Developer passwords are not visible on the front end but are accessible from the system. Any user with "configure" permissions can request a credential and inject them into agents. The result is that AWS keys, git credentials, and passwords are at risk.
What to Do:
The first step is to delete hardcoded secrets from CI/CD tool files.
Distributing secrets between multiple tool config files also reduces the possibility of attack while easing developer and engineer access.
Password managers are also a good choice, but validate them for security before implementing a solution.
Practice Least-Privilege Access
Access issues often create a lot of frustration among DevOps teams as they are forced to assign blanket access to the majority irrespective of the member's role or job function. While this situation encourages rapid development, it creates massive security issues.
Balancing security with CI/CD needs is tough to get right. That's where the principle of least privilege comes in. Team members receive access to secrets on a need-to-know basis. Note that this principle applies to everything from apps to systems and connected devices.
While most teams put this principle into practice, they leave their process intact. The lack of access audits, not the level of access, creates DevOps frustration.
What to Do:
CISOs should regularly involve DevOps teams when reviewing access to mitigate issues quickly. Embedding a security role within every delivery team will mitigate access-related risks quickly. The security team member will have insights into risk-based access needs and can quickly approve or reject requests.
Creating an access management repository will also remove any confusion related to role-based access. In addition, record time-based and task-based access permissions in the repository. The result is every DevOps team member will understand their access paths before projects get started. It allows them time to offer feedback and request one-off access to sensitive secrets.
Review segmentation rules within your systems when assigning role-based access. Often, these rules will have to change depending on delivery timelines. Involving all stakeholders in these discussions is good practice and prevents frustration down the road.
Implementing one-time passwords (OTPs) and other authentication factors is also a good idea when validating user access to secrets.
Review OSS Projects
Open source projects are essential to industry growth but might pose security risks if access is mismanaged. Zan Markan, developer advocate at CI platform CircleCI, summarizes the problem aptly.
"Often the company that initiated and owns a popular OSS project continues to employ the core contributors," Markan writes. "They will probably be joined by other regular contributors and maintainers that are not part of that company. And then there is everyone else — anyone who occasionally might contribute a fix or a feature."
As user access grows, security concerns grow exponentially. Enforcing rigid user-based access is unrealistic and detrimental to an OSS project.
What to Do:
CISOs or other security-focused managers must review whether sensitive secrets are being passed during builds for pull requests. Monitoring who can place requests and the roles that review them will ensure a good level of security.

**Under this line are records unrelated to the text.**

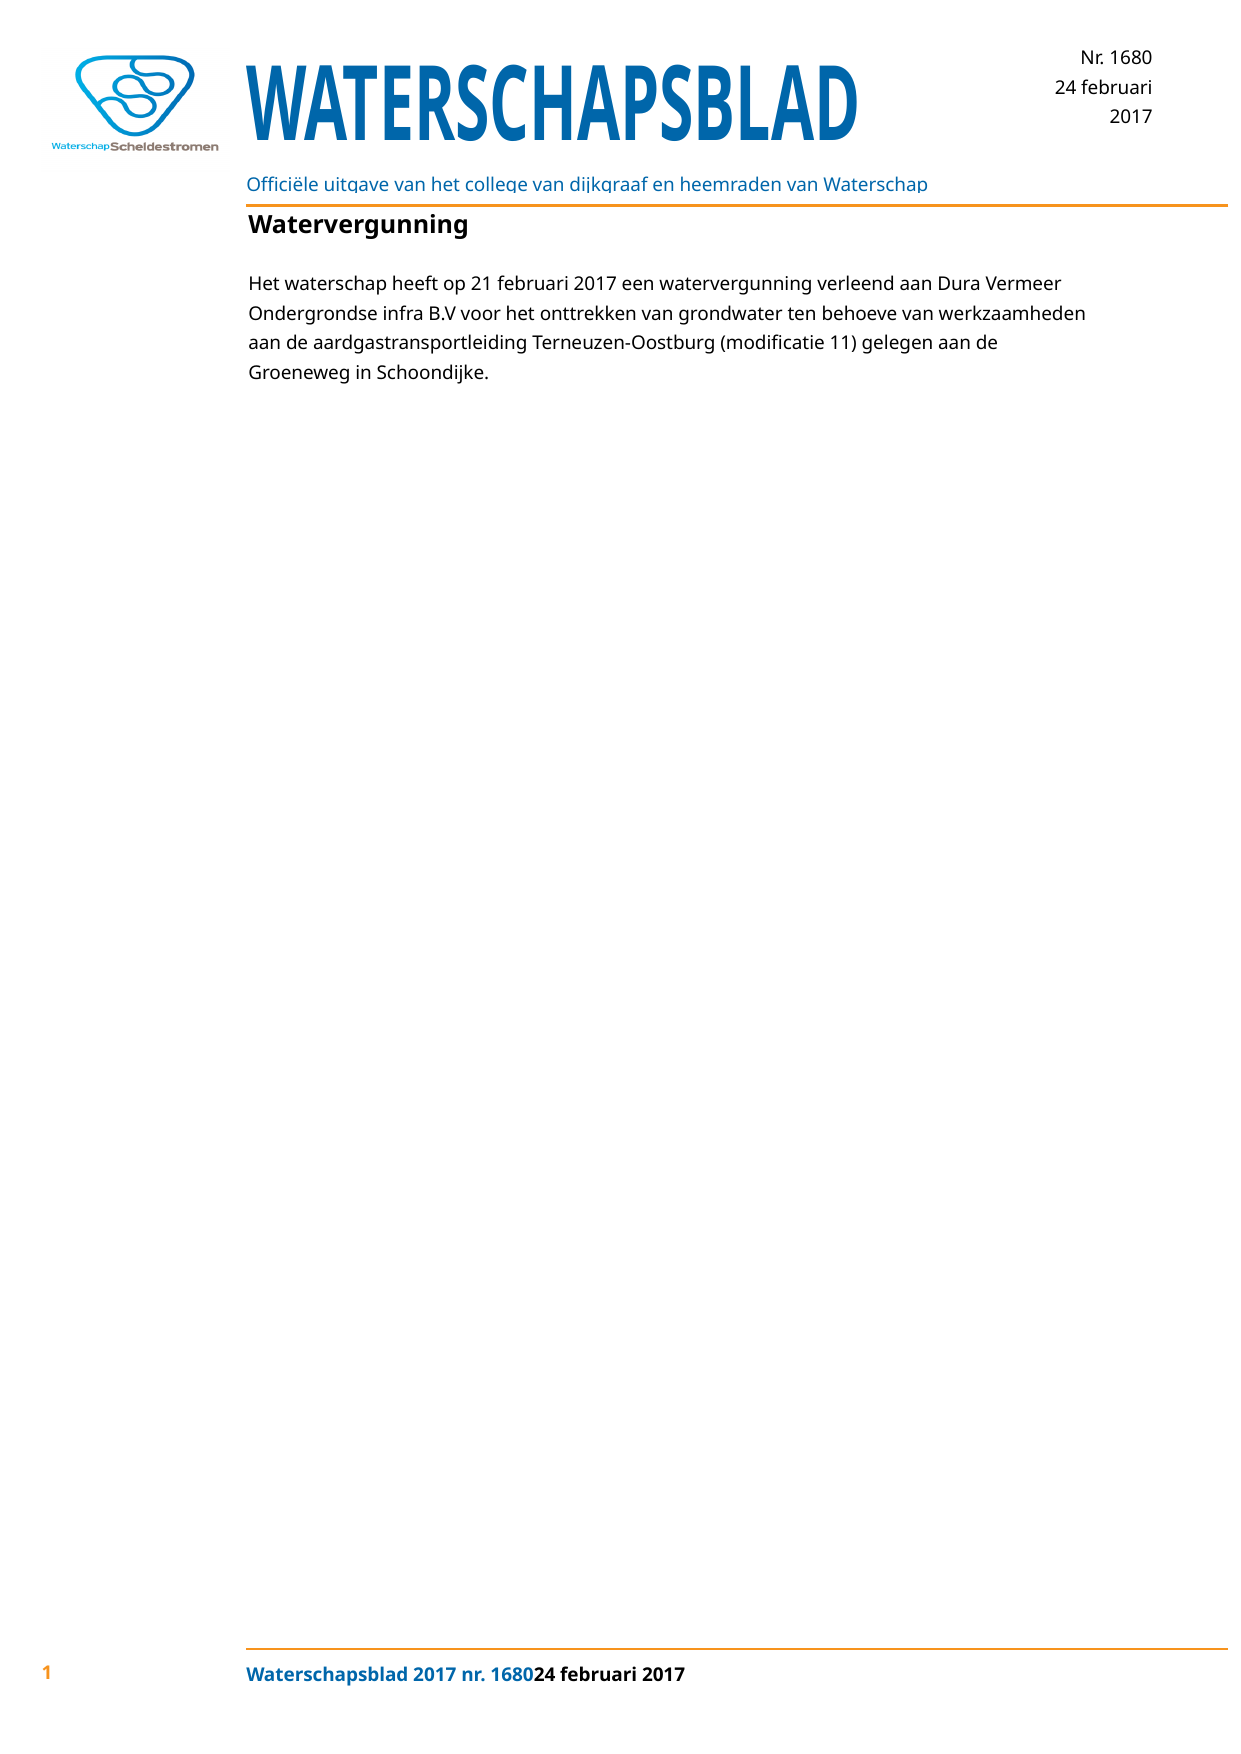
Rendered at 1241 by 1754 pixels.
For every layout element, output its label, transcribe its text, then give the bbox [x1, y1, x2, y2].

text Ondergrondse infra B.V voor het onttrekken van grondwater ten behoeve van werkzaamheden [248, 300, 1152, 326]
picture [41, 47, 231, 172]
text aan de aardgastransportleiding Terneuzen-Oostburg (modificatie 11) gelegen aan de [248, 329, 1152, 355]
text Het waterschap heeft op 21 februari 2017 een watervergunning verleend aan Dura Vermeer [248, 270, 1152, 296]
text Watervergunning [248, 207, 1152, 241]
text Groeneweg in Schoondijke. [248, 359, 1152, 385]
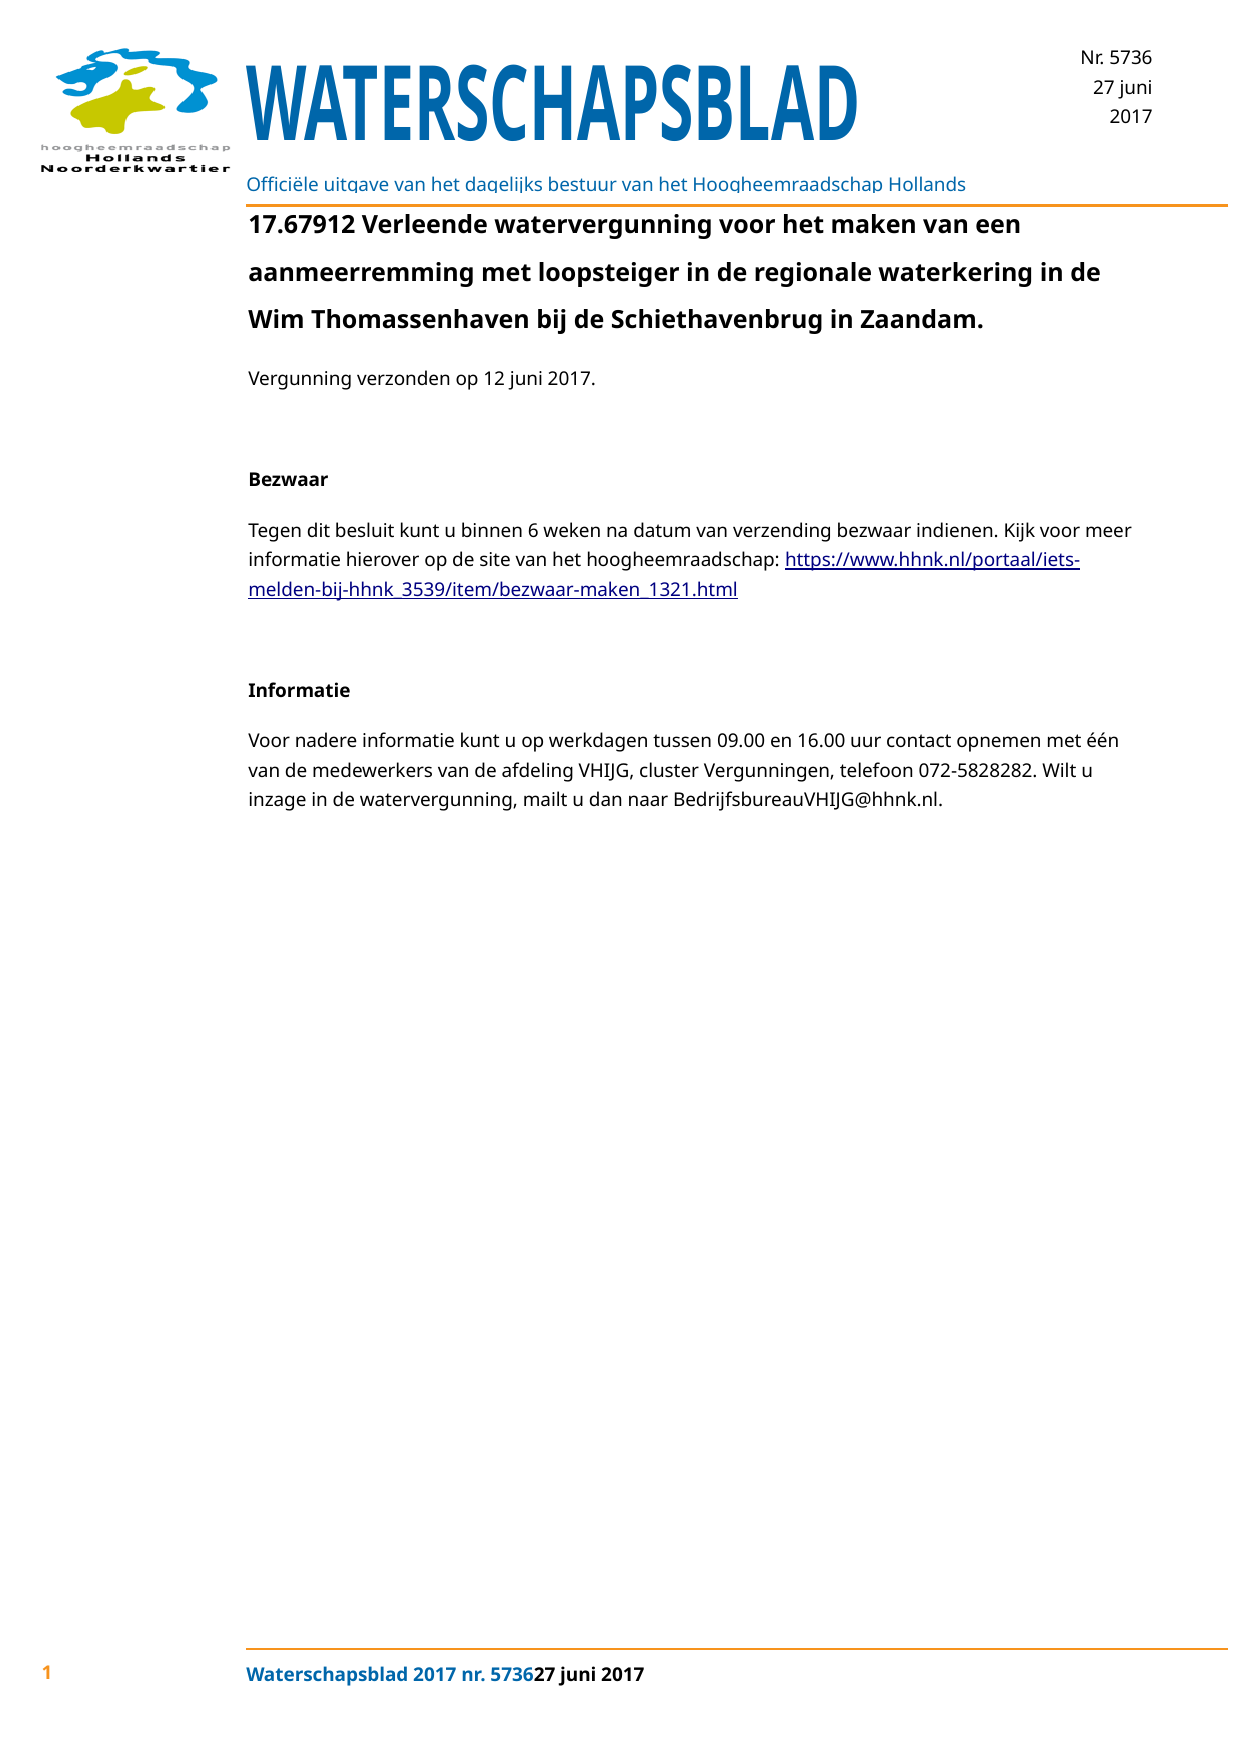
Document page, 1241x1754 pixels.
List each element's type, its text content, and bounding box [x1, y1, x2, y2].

text 17.67912 Verleende watervergunning voor het maken van een aanmeerremming met loopsteiger in de regionale waterkering in de Wim Thomassenhaven bij de Schiethavenbrug in Zaandam. [248, 207, 1152, 336]
text Voor nadere informatie kunt u op werkdagen tussen 09.00 en 16.00 uur contact opnemen met één van de medewerkers van de afdeling VHIJG, cluster Vergunningen, telefoon 072-5828282. Wilt u inzage in de watervergunning, mailt u dan naar BedrijfsbureauVHIJG@hhnk.nl. [248, 727, 1152, 812]
text Informatie [248, 677, 1152, 702]
text Bezwaar [248, 466, 1152, 492]
text Tegen dit besluit kunt u binnen 6 weken na datum van verzending bezwaar indienen. Kijk voor meer informatie hierover op de site van het hoogheemraadschap: https://www.hhnk.nl/portaal/iets-melden-bij-hhnk_3539/item/bezwaar-maken_1321.html [248, 517, 1152, 602]
picture [41, 47, 231, 172]
text Vergunning verzonden op 12 juni 2017. [248, 366, 1152, 391]

Establishing machine identity is also critical, given the degree of non-human access pipelines require. Authentication can be based on verifying whether client runtime container attributes match the characteristics of the valid container. Once authenticated, role-based access can take over, limiting access to secrets.
It's also a good policy to destroy containers and virtual machines (VMs) after they've been used.
Streamlining DevOps Operations Is a Top Priority
DevOps is critical to every organization's success. Access and permission-related issues are common occurrences that are easily avoided. Reviewing access and establishing a balance between delivery and operational needs is essential to maintaining a competitive edge.